▸ **AIM OF THE TASK**
Check each line of the data below for the word "extrude". How many lines have it? Answer with the number alone.

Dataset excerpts

----------

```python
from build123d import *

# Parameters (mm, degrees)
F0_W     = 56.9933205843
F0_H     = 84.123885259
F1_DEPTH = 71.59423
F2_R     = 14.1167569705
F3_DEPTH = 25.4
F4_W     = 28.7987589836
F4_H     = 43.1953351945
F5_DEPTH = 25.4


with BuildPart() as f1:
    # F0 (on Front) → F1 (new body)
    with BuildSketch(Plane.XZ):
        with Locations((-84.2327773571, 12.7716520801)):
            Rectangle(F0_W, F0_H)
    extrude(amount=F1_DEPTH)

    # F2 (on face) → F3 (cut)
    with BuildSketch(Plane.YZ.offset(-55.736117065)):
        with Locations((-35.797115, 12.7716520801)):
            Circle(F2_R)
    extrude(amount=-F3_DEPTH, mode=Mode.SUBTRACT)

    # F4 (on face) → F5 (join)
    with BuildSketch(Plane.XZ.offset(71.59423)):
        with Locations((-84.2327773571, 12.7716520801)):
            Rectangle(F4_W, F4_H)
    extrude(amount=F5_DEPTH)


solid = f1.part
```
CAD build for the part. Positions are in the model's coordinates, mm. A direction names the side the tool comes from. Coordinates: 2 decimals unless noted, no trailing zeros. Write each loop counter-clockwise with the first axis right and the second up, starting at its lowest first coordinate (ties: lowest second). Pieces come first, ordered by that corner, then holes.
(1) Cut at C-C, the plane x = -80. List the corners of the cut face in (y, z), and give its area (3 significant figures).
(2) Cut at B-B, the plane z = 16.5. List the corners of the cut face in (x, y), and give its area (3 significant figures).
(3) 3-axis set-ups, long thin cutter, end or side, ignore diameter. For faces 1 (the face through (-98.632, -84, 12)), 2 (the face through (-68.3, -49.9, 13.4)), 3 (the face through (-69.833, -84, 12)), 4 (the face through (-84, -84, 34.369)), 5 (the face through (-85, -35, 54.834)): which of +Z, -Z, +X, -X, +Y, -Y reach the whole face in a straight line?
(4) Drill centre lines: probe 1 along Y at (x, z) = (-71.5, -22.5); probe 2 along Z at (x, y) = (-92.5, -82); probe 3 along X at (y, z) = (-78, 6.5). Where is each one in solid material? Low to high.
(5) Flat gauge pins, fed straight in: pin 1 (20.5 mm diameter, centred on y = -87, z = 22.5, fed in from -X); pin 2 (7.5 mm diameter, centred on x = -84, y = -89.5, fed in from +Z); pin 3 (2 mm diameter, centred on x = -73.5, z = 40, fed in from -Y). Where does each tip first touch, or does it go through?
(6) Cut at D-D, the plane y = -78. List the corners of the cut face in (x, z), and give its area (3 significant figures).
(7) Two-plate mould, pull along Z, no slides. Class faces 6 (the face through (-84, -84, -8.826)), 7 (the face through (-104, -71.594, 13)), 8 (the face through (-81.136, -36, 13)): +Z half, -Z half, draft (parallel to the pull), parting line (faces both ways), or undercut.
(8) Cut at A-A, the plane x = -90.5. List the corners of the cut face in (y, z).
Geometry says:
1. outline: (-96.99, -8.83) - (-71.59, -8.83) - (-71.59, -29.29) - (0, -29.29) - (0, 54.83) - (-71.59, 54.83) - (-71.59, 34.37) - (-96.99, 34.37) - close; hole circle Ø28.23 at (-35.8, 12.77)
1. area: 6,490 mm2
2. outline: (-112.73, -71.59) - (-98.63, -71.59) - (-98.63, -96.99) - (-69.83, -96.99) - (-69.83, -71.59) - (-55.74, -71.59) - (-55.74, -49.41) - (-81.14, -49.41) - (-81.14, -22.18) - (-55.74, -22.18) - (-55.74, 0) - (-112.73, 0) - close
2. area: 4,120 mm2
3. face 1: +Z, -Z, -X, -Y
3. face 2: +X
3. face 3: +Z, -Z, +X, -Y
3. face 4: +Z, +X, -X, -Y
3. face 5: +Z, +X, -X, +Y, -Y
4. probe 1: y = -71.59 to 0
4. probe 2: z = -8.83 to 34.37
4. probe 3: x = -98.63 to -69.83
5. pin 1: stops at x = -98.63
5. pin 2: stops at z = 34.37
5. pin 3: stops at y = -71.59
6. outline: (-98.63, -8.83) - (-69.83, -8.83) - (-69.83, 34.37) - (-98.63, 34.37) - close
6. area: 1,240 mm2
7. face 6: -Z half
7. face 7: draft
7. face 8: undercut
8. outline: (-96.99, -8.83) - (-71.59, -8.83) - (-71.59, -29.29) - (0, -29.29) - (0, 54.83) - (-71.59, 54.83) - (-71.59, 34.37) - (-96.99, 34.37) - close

----------

▸ **TASK RESPONSE**
3